COST292 at TRECVID 2006
Warning: your browser seems to be quite old, or at least old enough that it does not support the minimal standard capabilities of today's browsers, which are used extensively on this site. Please upgrade to a browser that supports web standards, specifically one that supports minimal CSS1 capabilities, such as Netscape 6 or higher, IE 5 or higher, or Opera 5 or higher. Your browsing experience will be much better! Thanks.
Introduction
Having a long term experience in TRECVID activities, COST292 partners have decided to submit results for evaluation in all four system task of TRECVID 2006, namely shot boundary determination, high-level feature extraction, interactive search and rushes exploitation. This action is coordinated by Dr Janko Calic from University of Bristol, United Kingdom.
Shot boundary detection task is to identify the shot boundaries with their location and type (cut or gradual) in the given video clip. The submission is led by Jenny Benois-Pineau from LABRI Bordeaux, France, joined by contribution from Delft University of Technology, Netherlands.
High-level features system task is evaluating the effectiveness of detection methods for high-level semantic concepts such as "Indoor/Outdoor", "People", "Speech". The group leader is Dr Selim Aksoy from Bilkent University, Ankara, Turkey. Additional contributors are Dublin City University, Ireland and National Technical University from Athens, Greece.
The central system task of interactive search is led by Qianni Zhang from Queen Mary, University of London, United Kingdom. A retrieval platform is maintained by ITI, Thessaloniki, Greece, while additional contributors include Slovakia with audio classification and Belgrade with relevance feedback.
Finally, the rushes task is coordinated by Janko Calic from University of Bristol, United Kingdom, with contributions from Dublin City University, Ireland, from LABRI, Bordeaux, France and from Delft University of Technology, Netherlands.
After the initial meeting of the COST292 technical committee in San Sebastian, Spain on 1-2 March 2006, it is decided which partners will coordinate and contribute to which system task as well as that the first submission workshop of the TRECVID activity will be hosted by LABRI in Bordeaux, France on 8-9 June 2006. Follow-up activity is planned for early September to conduct the search experiments and compile the search task results.
The core milestones of the TRECVID 2006 submission are as follows:
- 15 August 2006 – Shot Boundary Task due
- 21 August 2006 – Feature task due
- 15 September 2006 – Search task due
- 23 October 2006 – Conference papers due
- 7 November 2006 – Workshop registration closes
- 13-14 November 2006 – NIST conference
Results
Shot boundary detection task
- 10 runs were submitted.
- Two shot boundary detection techniques were used:
- Uses spatiotemporal block based analysis for the extraction of low level events.
- Many methods that use frames or 2D blocks in the frames as the main processing units
- This technique exploits overlapping 3D pixel blocks in the video data.
- Based on the “Rough Indexing Paradigm”
- it works on compressed video only.
- Method works separately on I-frames and P-frames.
- Detection on P-frames is based on the temporal difference of intra-coded macroblocks and the variation of global motion parameters.
- Uses spatiotemporal block based analysis for the extraction of low level events.
High-level feature extraction task
- Three feature extraction approaches were used:
- The first approach uses keyframes of each video sequence. The following 7 features were extracted and used in this approach: desert, vegetation, mountain, road, sky, fire-explosion and snow.
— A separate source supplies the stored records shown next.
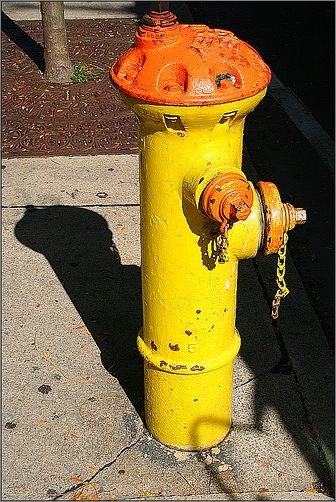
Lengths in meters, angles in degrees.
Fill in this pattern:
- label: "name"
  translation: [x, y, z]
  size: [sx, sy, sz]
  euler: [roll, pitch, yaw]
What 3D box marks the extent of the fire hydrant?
- label: "fire hydrant"
  translation: [0.126, 0.083, 2.308]
  size: [0.535, 2.060, 0.774]
  euler: [-17, 49, -22]
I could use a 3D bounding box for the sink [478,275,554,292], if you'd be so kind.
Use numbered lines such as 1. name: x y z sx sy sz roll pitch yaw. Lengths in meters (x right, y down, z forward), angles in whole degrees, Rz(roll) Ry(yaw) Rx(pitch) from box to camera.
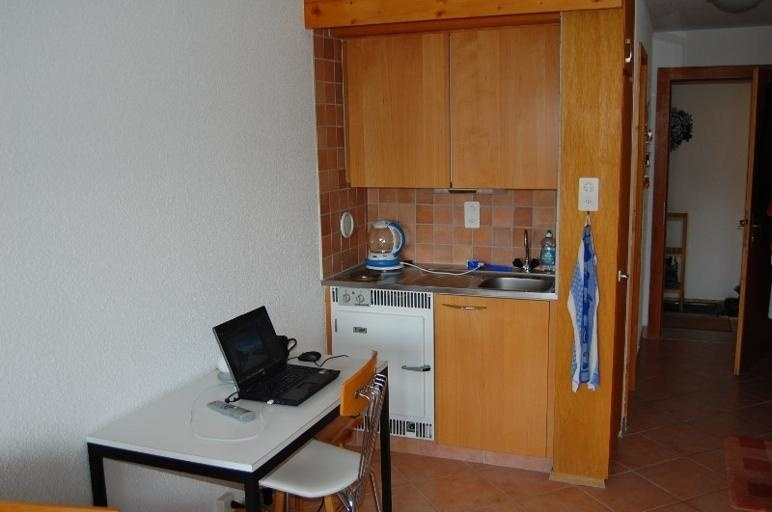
1. sink: 0.894 0.208 4.106 0.476 0.086 0.221 2 14 13

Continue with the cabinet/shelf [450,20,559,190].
1. cabinet/shelf: 0.762 -0.954 3.913 0.670 0.999 0.230 0 14 6

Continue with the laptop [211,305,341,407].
1. laptop: -0.527 0.486 2.967 0.452 0.324 0.465 5 10 20

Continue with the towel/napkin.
1. towel/napkin: 1.178 0.309 3.572 0.187 0.994 0.170 2 15 12

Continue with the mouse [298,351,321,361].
1. mouse: -0.419 0.548 3.302 0.085 0.027 0.061 1 4 7

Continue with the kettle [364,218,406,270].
1. kettle: -0.032 -0.092 4.433 0.339 0.339 0.307 6 16 25

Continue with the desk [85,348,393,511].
1. desk: -0.680 0.559 2.860 0.727 0.862 0.956 3 9 21

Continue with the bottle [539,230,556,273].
1. bottle: 1.136 -0.034 4.220 0.082 0.263 0.137 0 14 5

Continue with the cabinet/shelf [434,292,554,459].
1. cabinet/shelf: 0.742 0.731 4.279 1.025 1.386 0.936 0 1 19

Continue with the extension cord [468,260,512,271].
1. extension cord: 0.754 0.073 4.336 0.324 0.059 0.103 4 15 19

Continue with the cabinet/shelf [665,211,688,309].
1. cabinet/shelf: 3.287 0.046 6.833 0.259 1.069 0.332 6 16 26

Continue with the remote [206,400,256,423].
1. remote: -0.703 0.704 2.754 0.262 0.047 0.085 7 16 36

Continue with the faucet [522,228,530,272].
1. faucet: 0.997 -0.041 4.257 0.057 0.280 0.125 1 15 11

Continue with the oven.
1. oven: 0.113 0.714 4.490 0.972 1.321 0.936 0 2 12

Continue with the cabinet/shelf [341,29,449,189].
1. cabinet/shelf: 0.091 -1.023 4.088 0.904 1.235 0.644 2 12 12
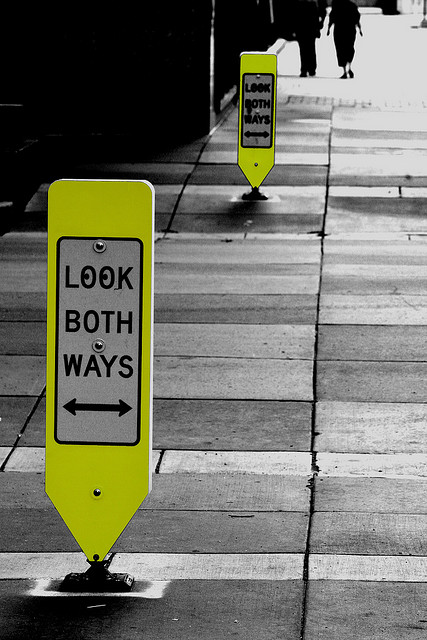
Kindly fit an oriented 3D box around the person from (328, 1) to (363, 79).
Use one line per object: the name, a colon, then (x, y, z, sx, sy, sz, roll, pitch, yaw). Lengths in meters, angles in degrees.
person: (2.780, -6.071, 28.452, 0.626, 1.658, 2.269, 1, 16, 6)
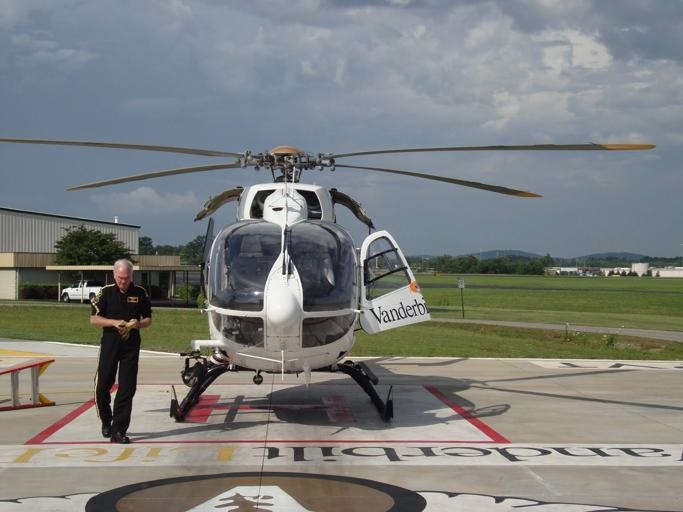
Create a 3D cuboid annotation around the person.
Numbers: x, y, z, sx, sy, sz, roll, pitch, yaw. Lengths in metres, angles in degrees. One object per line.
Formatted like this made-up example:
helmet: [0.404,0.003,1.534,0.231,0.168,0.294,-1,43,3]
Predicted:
person: [-3.125,1.361,10.128,0.810,2.601,0.588,-2,0,-13]
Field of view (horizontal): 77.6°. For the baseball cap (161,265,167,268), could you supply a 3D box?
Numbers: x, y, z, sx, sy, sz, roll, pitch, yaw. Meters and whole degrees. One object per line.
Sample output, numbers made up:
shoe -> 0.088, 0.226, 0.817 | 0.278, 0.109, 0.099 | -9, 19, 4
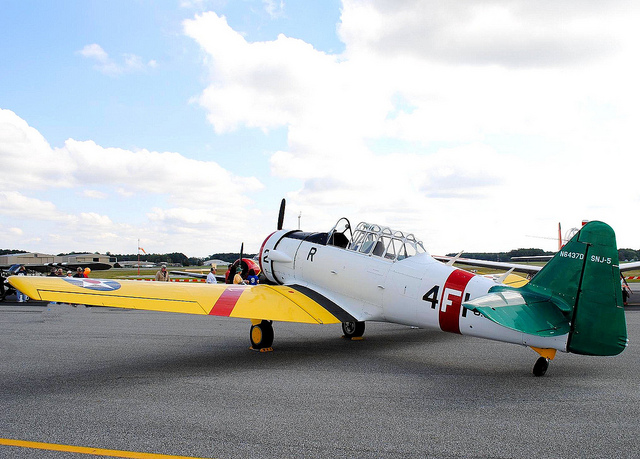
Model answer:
baseball cap -> -7.012, 1.725, 17.790 | 0.255, 0.095, 0.221 | -8, 7, -22

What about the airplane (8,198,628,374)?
airplane -> 0.843, 1.220, 8.767 | 8.797, 2.914, 4.295 | -1, -4, 9

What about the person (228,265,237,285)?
person -> -4.081, 2.154, 18.445 | 0.233, 0.760, 0.676 | 15, -21, 11
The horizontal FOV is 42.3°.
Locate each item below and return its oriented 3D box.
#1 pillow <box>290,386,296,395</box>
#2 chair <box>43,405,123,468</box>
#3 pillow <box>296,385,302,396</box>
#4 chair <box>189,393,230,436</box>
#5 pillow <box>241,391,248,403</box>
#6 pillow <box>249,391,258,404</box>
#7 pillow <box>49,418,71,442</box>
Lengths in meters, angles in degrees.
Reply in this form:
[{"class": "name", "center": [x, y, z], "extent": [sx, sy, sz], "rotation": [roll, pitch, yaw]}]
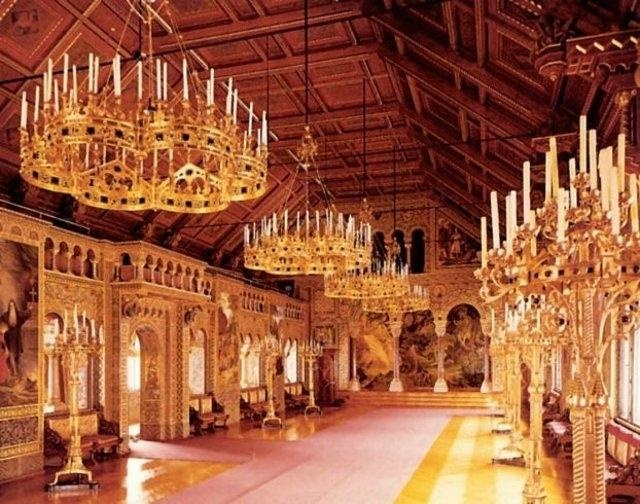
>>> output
[{"class": "pillow", "center": [-1.067, 5.504, 33.048], "extent": [0.100, 0.297, 0.320], "rotation": [-2, -7, 17]}, {"class": "chair", "center": [-5.460, 4.308, 18.973], "extent": [0.775, 1.117, 2.020], "rotation": [-5, -5, 25]}, {"class": "pillow", "center": [-0.841, 5.587, 33.718], "extent": [0.194, 0.363, 0.406], "rotation": [-3, -7, 18]}, {"class": "chair", "center": [-3.342, 4.790, 24.581], "extent": [0.617, 1.064, 1.768], "rotation": [0, -6, 19]}, {"class": "pillow", "center": [-2.550, 4.917, 28.418], "extent": [0.315, 0.449, 0.435], "rotation": [-1, -2, -22]}, {"class": "pillow", "center": [-2.328, 5.091, 29.281], "extent": [0.350, 0.515, 0.477], "rotation": [-1, -5, 9]}, {"class": "pillow", "center": [-5.808, 3.931, 18.473], "extent": [0.429, 0.501, 0.689], "rotation": [0, -4, -16]}]

- The second system uses low-level feature extraction to assign labels to sub-regions for each keyframe. A Bayesian Classifier is then trained (using two separate models) based on this “bag of sub-regions”. We have trained these models using for six classes: snow, vegetation, waterscape, sky, mountain and outdoor.
- The third method focussed on the extraction of textual information from the digital media. This allows e.g. speaker information, location, date/time, score, results etc. to be queried more thoroughly.
Interactive search task
- 6 runs were submitted:
- 3 using ITI framework + QMUL RF;
- 3 using QMUL stand-along module + QMUL RF.
- In this task, lead by QMUL, an integrated search system was developed for an interactive retrieval application:
- Combines basic retrieval functionalities in various modalities (i.e. visual, audio, textual)
- Uses a user interface supporting the submission of queries using any combination of the available retrieval tools.
- The basic retrieval modules integrated in the developed search application are below:
- Visual similarity search – using MPEG-7 XM and its extensions.
- Audio filtering – based on the video shot audio information.
- Textual information processing – exploiting audio features extracted for each shot, indicating the presence of noise, speech and music in the shot.
- Relevance feedback – train the system to adapt its behaviour to users’ preferences by involving a human in the retrieval process.
Rushes task
- A video summarisation system targeting intuitive browsing of large video archives was used.
- Camera work classification module detects and annotates regions with appropriate camera motion
- ‘Arousal value’ determined by affective modelling
- Arousal value assigned to extracted keyframes
- Value used to optimally lay out final video summary on single display or page.